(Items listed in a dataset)
◆ ◆ ◆ ◆

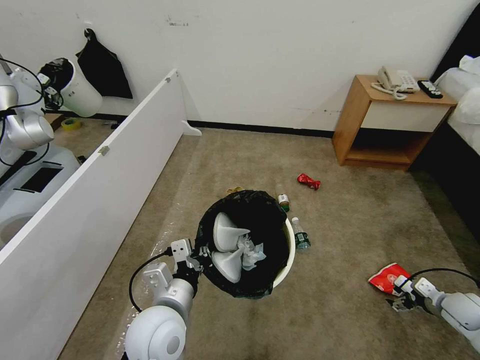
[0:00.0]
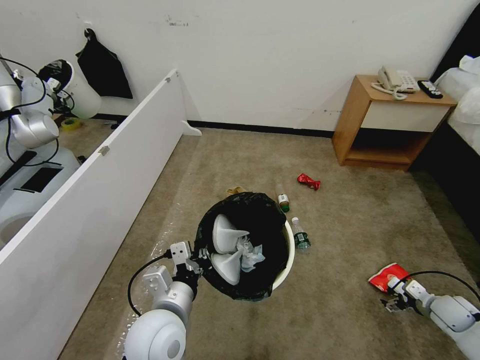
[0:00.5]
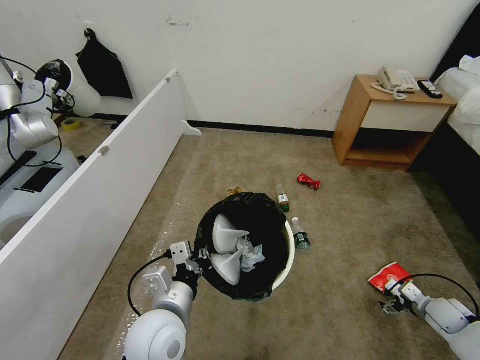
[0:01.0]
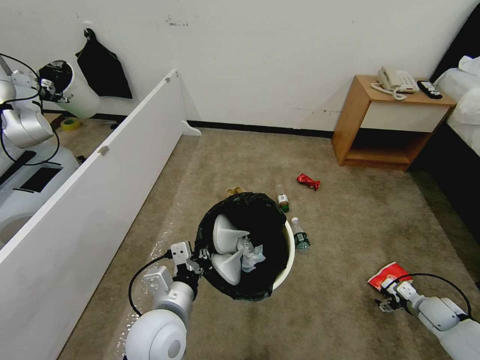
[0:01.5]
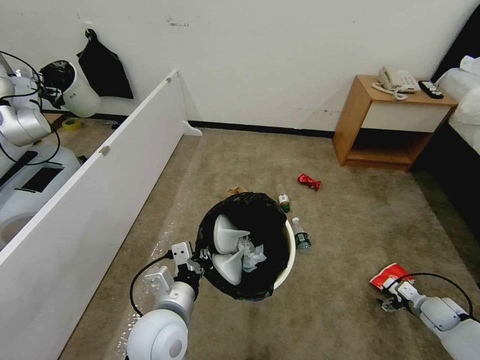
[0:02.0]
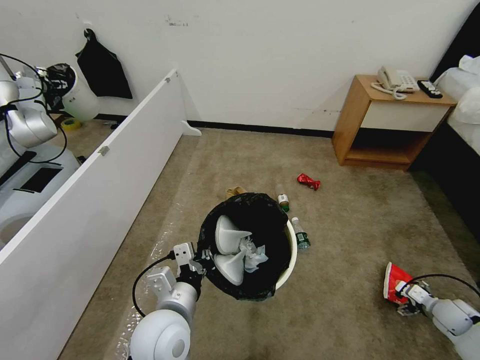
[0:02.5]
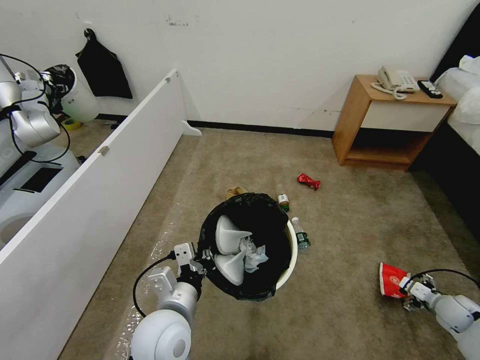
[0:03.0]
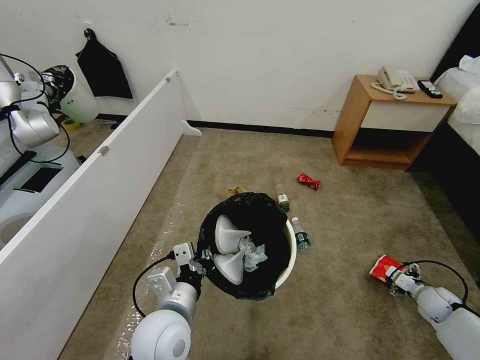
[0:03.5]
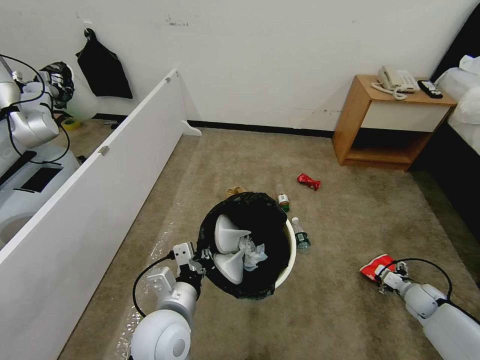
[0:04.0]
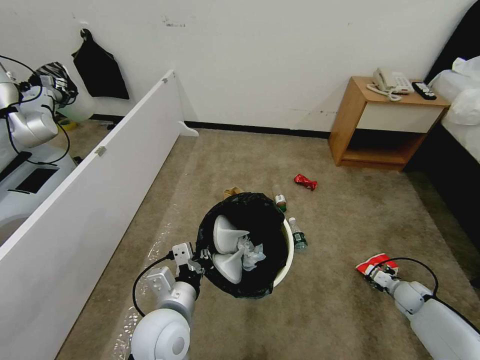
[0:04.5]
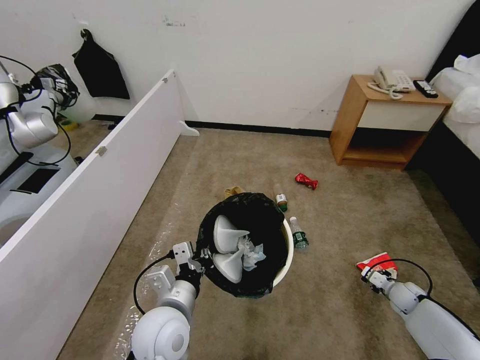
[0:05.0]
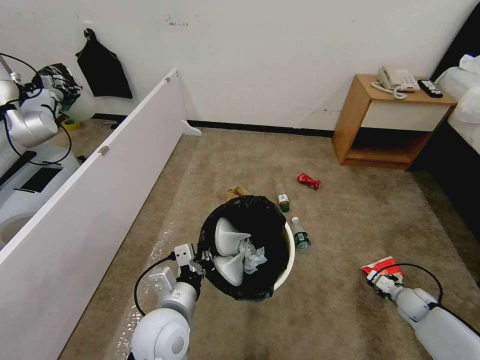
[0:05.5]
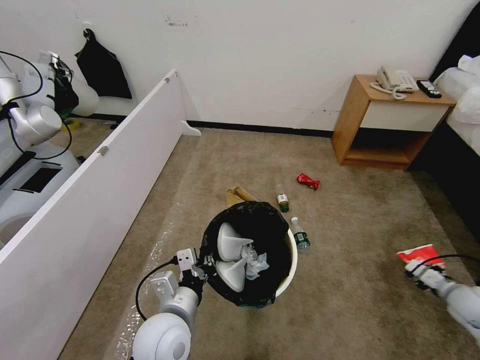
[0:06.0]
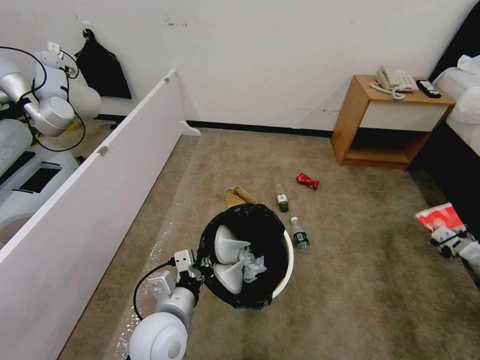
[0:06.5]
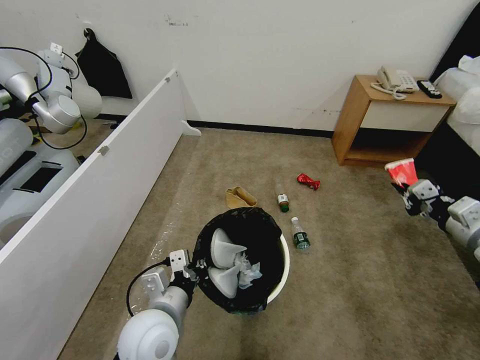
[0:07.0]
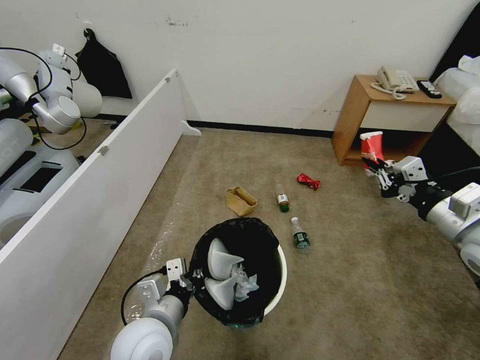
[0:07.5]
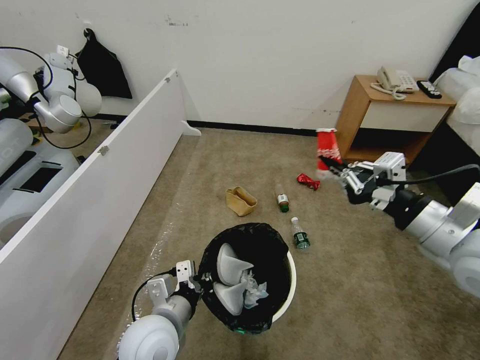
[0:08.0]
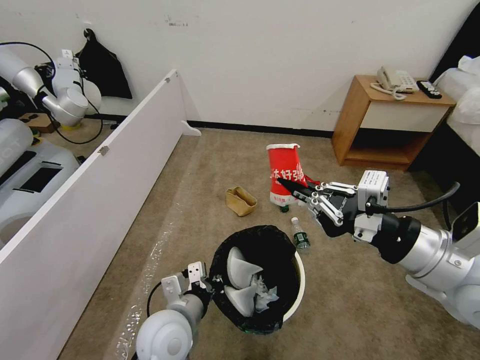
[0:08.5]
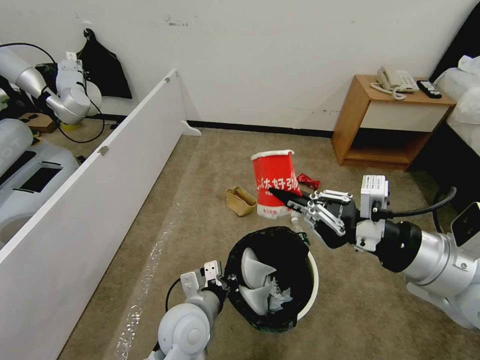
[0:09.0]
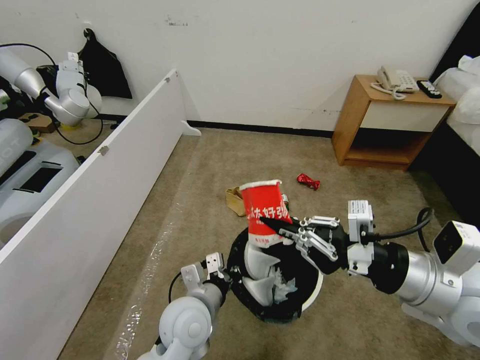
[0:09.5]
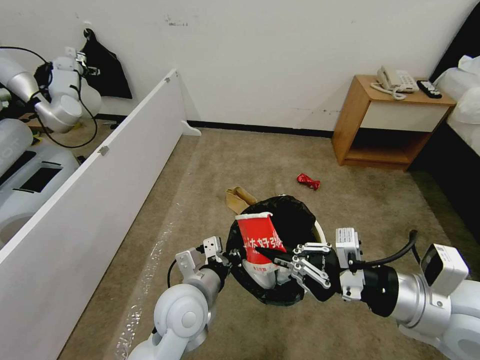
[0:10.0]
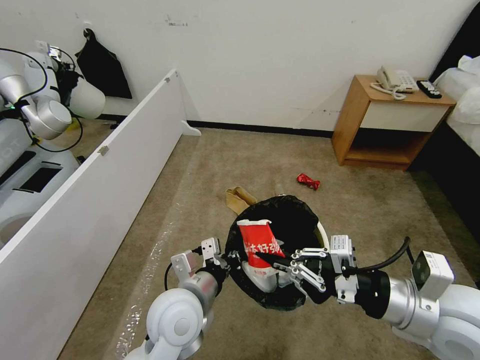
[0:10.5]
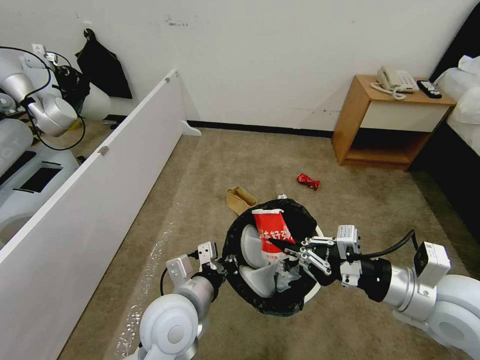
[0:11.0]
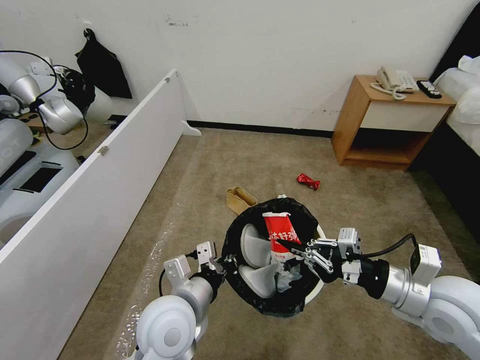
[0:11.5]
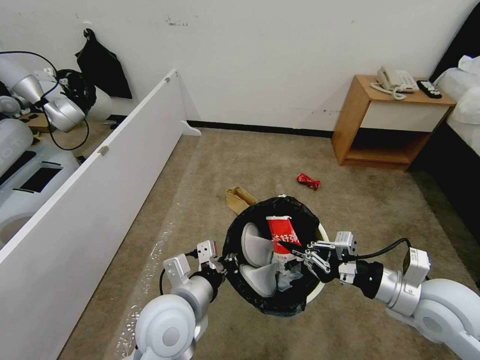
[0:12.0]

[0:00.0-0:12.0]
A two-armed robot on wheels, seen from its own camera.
Task of the whole recording: Pick up the trash bin, then pick up the garbage from the floor and place it into the trash bin.
0:00.0 to 0:02.0: The right gripper goes roughly 5 cm downward.
0:02.0 to 0:04.0: The grippers stay close to where they were, moving slightly.
0:04.0 to 0:06.0: The right gripper goes approximately 10 cm upward, and closes its fingers.
0:06.0 to 0:08.0: The right gripper is displaced upward and to the left by some 40 cm.
0:08.0 to 0:10.0: The left gripper moves to the right and forward, some 5 cm. The right gripper goes about 5 cm backward.
0:10.0 to 0:12.0: The right gripper goes about 10 cm downward.

◆ ◆ ◆ ◆

YOUR GOAL
Make an exact copy of every entry above, but keep the pictures out of it.

ANSWER TO THE PROBLEM
[0:00.0]
[0:00.5]
[0:01.0]
[0:01.5]
[0:02.0]
[0:02.5]
[0:03.0]
[0:03.5]
[0:04.0]
[0:04.5]
[0:05.0]
[0:05.5]
[0:06.0]
[0:06.5]
[0:07.0]
[0:07.5]
[0:08.0]
[0:08.5]
[0:09.0]
[0:09.5]
[0:10.0]
[0:10.5]
[0:11.0]
[0:11.5]
[0:12.0]

[0:00.0-0:12.0]
A two-armed robot on wheels, seen from its own camera.
Task of the whole recording: Pick up the trash bin, then pick up the garbage from the floor and place it into the trash bin.
0:00.0 to 0:02.0: The right gripper goes roughly 5 cm downward.
0:02.0 to 0:04.0: The grippers stay close to where they were, moving slightly.
0:04.0 to 0:06.0: The right gripper goes approximately 10 cm upward, and closes its fingers.
0:06.0 to 0:08.0: The right gripper is displaced upward and to the left by some 40 cm.
0:08.0 to 0:10.0: The left gripper moves to the right and forward, some 5 cm. The right gripper goes about 5 cm backward.
0:10.0 to 0:12.0: The right gripper goes about 10 cm downward.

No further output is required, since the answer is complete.